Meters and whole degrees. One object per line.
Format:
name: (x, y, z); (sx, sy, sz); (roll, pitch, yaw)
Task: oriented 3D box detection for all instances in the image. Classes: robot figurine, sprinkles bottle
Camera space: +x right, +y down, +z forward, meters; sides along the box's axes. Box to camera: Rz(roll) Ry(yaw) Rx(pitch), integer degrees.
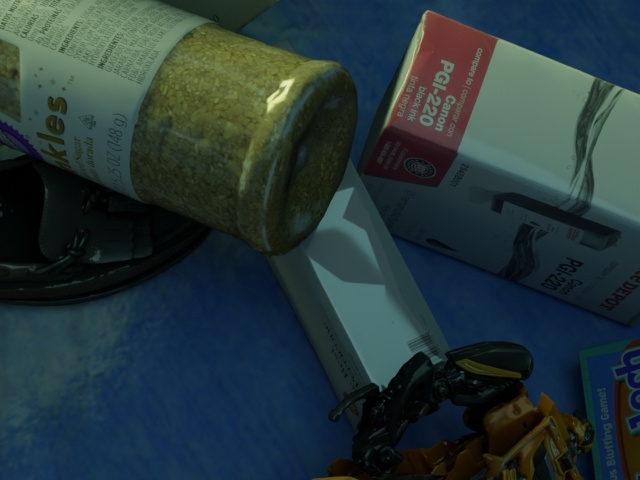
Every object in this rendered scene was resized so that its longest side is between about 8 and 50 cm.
robot figurine: (0.050, 0.193, 1.014); (0.291, 0.085, 0.211); (-33, 116, -11)
sprinkles bottle: (-0.157, -0.105, 1.037); (0.355, 0.121, 0.121); (21, 69, 19)

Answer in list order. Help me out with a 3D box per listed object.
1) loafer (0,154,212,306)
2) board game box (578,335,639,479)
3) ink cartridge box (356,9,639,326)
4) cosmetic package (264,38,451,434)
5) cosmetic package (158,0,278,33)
loafer: (-0.191, -0.009, 1.075); (0.268, 0.084, 0.096); (-11, 74, -13)
board game box: (0.269, 0.124, 1.056); (0.047, 0.210, 0.160); (17, 62, -51)
ink cartridge box: (0.139, -0.040, 1.100); (0.218, 0.158, 0.092); (20, 69, -2)
cosmetic package: (0.000, 0.000, 1.098); (0.060, 0.099, 0.239); (-24, 77, -13)
cosmetic package: (-0.143, -0.261, 1.067); (0.309, 0.160, 0.113); (46, 44, -13)
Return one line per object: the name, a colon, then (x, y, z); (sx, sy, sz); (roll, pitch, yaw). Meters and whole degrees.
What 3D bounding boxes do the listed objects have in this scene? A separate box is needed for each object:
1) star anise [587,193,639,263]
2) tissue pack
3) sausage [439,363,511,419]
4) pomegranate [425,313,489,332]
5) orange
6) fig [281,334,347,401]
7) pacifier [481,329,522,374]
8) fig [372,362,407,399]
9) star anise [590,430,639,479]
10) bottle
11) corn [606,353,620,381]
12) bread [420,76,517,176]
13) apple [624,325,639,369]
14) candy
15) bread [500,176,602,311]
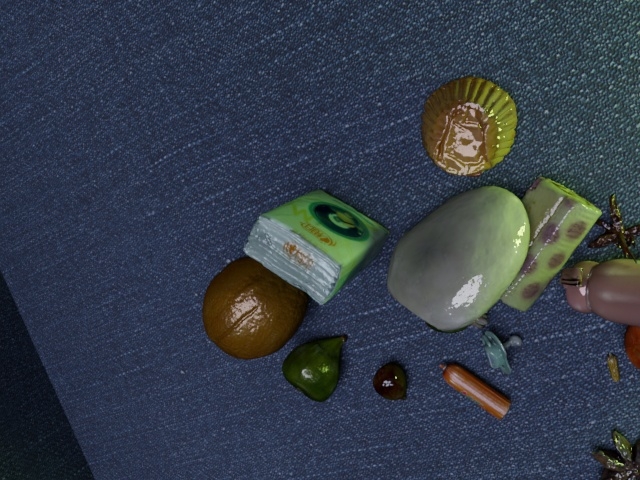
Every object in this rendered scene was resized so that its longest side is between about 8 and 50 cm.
star anise: (0.769, -0.015, 1.536); (0.140, 0.144, 0.158); (34, 116, 21)
tissue pack: (0.000, 0.000, 1.733); (0.287, 0.388, 0.162); (32, 116, 13)
sausage: (0.466, 0.452, 1.829); (0.234, 0.071, 0.071); (33, 114, 12)
pomegranate: (0.399, 0.195, 1.747); (0.209, 0.180, 0.180); (23, 113, -5)
orange: (-0.208, 0.206, 1.927); (0.357, 0.322, 0.322); (-44, 84, 20)
fig: (-0.005, 0.403, 1.996); (0.203, 0.203, 0.235); (32, 75, 13)
pacifier: (0.539, 0.316, 1.760); (0.116, 0.127, 0.150); (-29, 111, -8)
fig: (0.238, 0.469, 1.924); (0.109, 0.103, 0.154); (-28, 121, 33)
star anise: (0.875, 0.639, 1.700); (0.196, 0.073, 0.212); (17, 108, 16)
bottle: (0.777, 0.125, 1.511); (0.296, 0.206, 0.173); (8, 80, 45)
corn: (0.822, 0.356, 1.671); (0.027, 0.028, 0.083); (-8, 101, 46)
bread: (0.396, -0.304, 1.616); (0.274, 0.149, 0.274); (6, 111, 17)
apple: (0.885, 0.267, 1.564); (0.163, 0.139, 0.164); (7, 118, 12)
candy: (0.361, 0.031, 1.597); (0.427, 0.386, 0.186); (-45, 125, 12)
bread: (0.578, 0.012, 1.601); (0.338, 0.155, 0.187); (-61, 35, 23)
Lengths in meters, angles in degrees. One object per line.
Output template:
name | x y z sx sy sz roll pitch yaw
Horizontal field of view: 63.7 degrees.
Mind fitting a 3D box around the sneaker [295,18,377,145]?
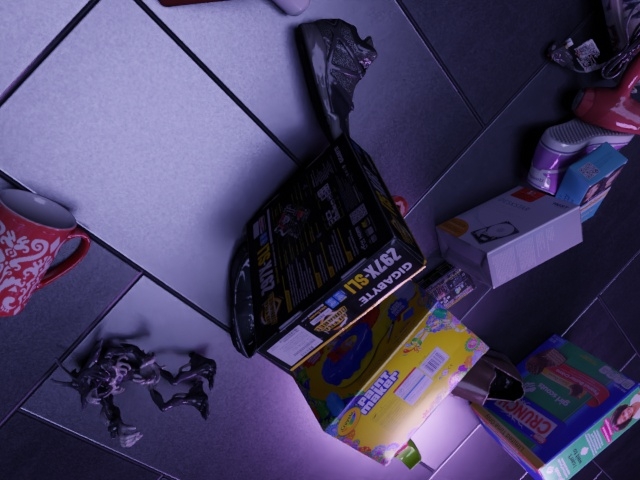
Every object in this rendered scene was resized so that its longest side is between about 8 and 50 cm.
sneaker | 0.046 -0.271 0.898 0.131 0.087 0.227 -18 111 -9

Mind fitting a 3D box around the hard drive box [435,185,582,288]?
hard drive box | 0.397 -0.015 1.099 0.232 0.181 0.089 -25 117 -14

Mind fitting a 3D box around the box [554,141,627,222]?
box | 0.577 -0.105 1.136 0.101 0.060 0.244 -34 154 -4

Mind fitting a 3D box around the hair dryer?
hair dryer | 0.618 -0.314 1.045 0.293 0.224 0.080 45 58 -25

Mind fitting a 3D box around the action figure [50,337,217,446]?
action figure | -0.326 0.262 0.919 0.276 0.141 0.163 10 107 -30

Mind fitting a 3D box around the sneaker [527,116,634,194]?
sneaker | 0.577 -0.189 1.172 0.282 0.102 0.160 -14 134 -24

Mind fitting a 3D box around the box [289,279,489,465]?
box | 0.103 0.207 1.001 0.177 0.279 0.290 40 90 -30

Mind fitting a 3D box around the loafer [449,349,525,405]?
loafer | 0.358 0.319 1.241 0.366 0.130 0.133 10 106 -26

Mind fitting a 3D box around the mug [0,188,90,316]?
mug | -0.449 0.029 0.791 0.150 0.113 0.169 27 101 -28

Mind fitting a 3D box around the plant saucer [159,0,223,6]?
plant saucer | -0.141 -0.455 0.674 0.259 0.047 0.258 4 115 19

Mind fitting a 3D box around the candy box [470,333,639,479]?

----

PROBLEM STATEMENT: Where an entry includes an image, leave that image out; otherwise, reproduce everything exactly.

WRITTEN ANSWER:
Meters and whole degrees. One object per line.
Format:
name: (x, y, z); (sx, sy, sz); (roll, pitch, yaw)
Task: oriented 3D box detection for all instances in the image. Classes: robot figurine, sprinkles bottle
Camera space: +x right, +y down, +z forward, meters; sides along the box's axes. Box to camera: Rz(roll) Ry(yaw) Rx(pitch), integer degrees.
Every object in this rendered scene was resized so that its longest side is between about 8 and 50 cm.
robot figurine: (0.050, 0.193, 1.014); (0.291, 0.085, 0.211); (-33, 116, -11)
sprinkles bottle: (-0.157, -0.105, 1.037); (0.355, 0.121, 0.121); (21, 69, 19)

Answer in list order. Help me out with a 3D box per listed object.
1) loafer (0,154,212,306)
2) board game box (578,335,639,479)
3) ink cartridge box (356,9,639,326)
4) cosmetic package (264,38,451,434)
5) cosmetic package (158,0,278,33)
loafer: (-0.191, -0.009, 1.075); (0.268, 0.084, 0.096); (-11, 74, -13)
board game box: (0.269, 0.124, 1.056); (0.047, 0.210, 0.160); (17, 62, -51)
ink cartridge box: (0.139, -0.040, 1.100); (0.218, 0.158, 0.092); (20, 69, -2)
cosmetic package: (0.000, 0.000, 1.098); (0.060, 0.099, 0.239); (-24, 77, -13)
cosmetic package: (-0.143, -0.261, 1.067); (0.309, 0.160, 0.113); (46, 44, -13)
Return one line per object: the name, a colon, then (x, y, z); (sx, sy, sz); (roll, pitch, yaw). Meters and whole degrees.
What 3D bounding boxes do the listed objects have in this scene? A separate box is needed for each object:
1) star anise [587,193,639,263]
2) tissue pack
3) sausage [439,363,511,419]
4) pomegranate [425,313,489,332]
5) orange
6) fig [281,334,347,401]
7) pacifier [481,329,522,374]
8) fig [372,362,407,399]
9) star anise [590,430,639,479]
10) bottle
11) corn [606,353,620,381]
12) bread [420,76,517,176]
13) apple [624,325,639,369]
14) candy
15) bread [500,176,602,311]
Every object in this rendered scene was resized so that its longest side is between about 8 and 50 cm.
star anise: (0.769, -0.015, 1.536); (0.140, 0.144, 0.158); (34, 116, 21)
tissue pack: (0.000, 0.000, 1.733); (0.287, 0.388, 0.162); (32, 116, 13)
sausage: (0.466, 0.452, 1.829); (0.234, 0.071, 0.071); (33, 114, 12)
pomegranate: (0.399, 0.195, 1.747); (0.209, 0.180, 0.180); (23, 113, -5)
orange: (-0.208, 0.206, 1.927); (0.357, 0.322, 0.322); (-44, 84, 20)
fig: (-0.005, 0.403, 1.996); (0.203, 0.203, 0.235); (32, 75, 13)
pacifier: (0.539, 0.316, 1.760); (0.116, 0.127, 0.150); (-29, 111, -8)
fig: (0.238, 0.469, 1.924); (0.109, 0.103, 0.154); (-28, 121, 33)
star anise: (0.875, 0.639, 1.700); (0.196, 0.073, 0.212); (17, 108, 16)
bottle: (0.777, 0.125, 1.511); (0.296, 0.206, 0.173); (8, 80, 45)
corn: (0.822, 0.356, 1.671); (0.027, 0.028, 0.083); (-8, 101, 46)
bread: (0.396, -0.304, 1.616); (0.274, 0.149, 0.274); (6, 111, 17)
apple: (0.885, 0.267, 1.564); (0.163, 0.139, 0.164); (7, 118, 12)
candy: (0.361, 0.031, 1.597); (0.427, 0.386, 0.186); (-45, 125, 12)
bread: (0.578, 0.012, 1.601); (0.338, 0.155, 0.187); (-61, 35, 23)
Lengths in meters, angles in degrees. One object per line.
Output template:
name | x y z sx sy sz roll pitch yaw
Horizontal field of view: 63.7 degrees.
Mind fitting a 3D box around the sneaker [295,18,377,145]?
Every object in this rendered scene was resized so that its longest side is between about 8 and 50 cm.
sneaker | 0.046 -0.271 0.898 0.131 0.087 0.227 -18 111 -9

Mind fitting a 3D box around the hard drive box [435,185,582,288]?
hard drive box | 0.397 -0.015 1.099 0.232 0.181 0.089 -25 117 -14

Mind fitting a 3D box around the box [554,141,627,222]?
box | 0.577 -0.105 1.136 0.101 0.060 0.244 -34 154 -4

Mind fitting a 3D box around the hair dryer?
hair dryer | 0.618 -0.314 1.045 0.293 0.224 0.080 45 58 -25

Mind fitting a 3D box around the action figure [50,337,217,446]?
action figure | -0.326 0.262 0.919 0.276 0.141 0.163 10 107 -30

Mind fitting a 3D box around the sneaker [527,116,634,194]?
sneaker | 0.577 -0.189 1.172 0.282 0.102 0.160 -14 134 -24

Mind fitting a 3D box around the box [289,279,489,465]?
box | 0.103 0.207 1.001 0.177 0.279 0.290 40 90 -30

Mind fitting a 3D box around the loafer [449,349,525,405]?
loafer | 0.358 0.319 1.241 0.366 0.130 0.133 10 106 -26

Mind fitting a 3D box around the mug [0,188,90,316]?
mug | -0.449 0.029 0.791 0.150 0.113 0.169 27 101 -28

Mind fitting a 3D box around the plant saucer [159,0,223,6]?
plant saucer | -0.141 -0.455 0.674 0.259 0.047 0.258 4 115 19

Mind fitting a 3D box around the candy box [470,333,639,479]?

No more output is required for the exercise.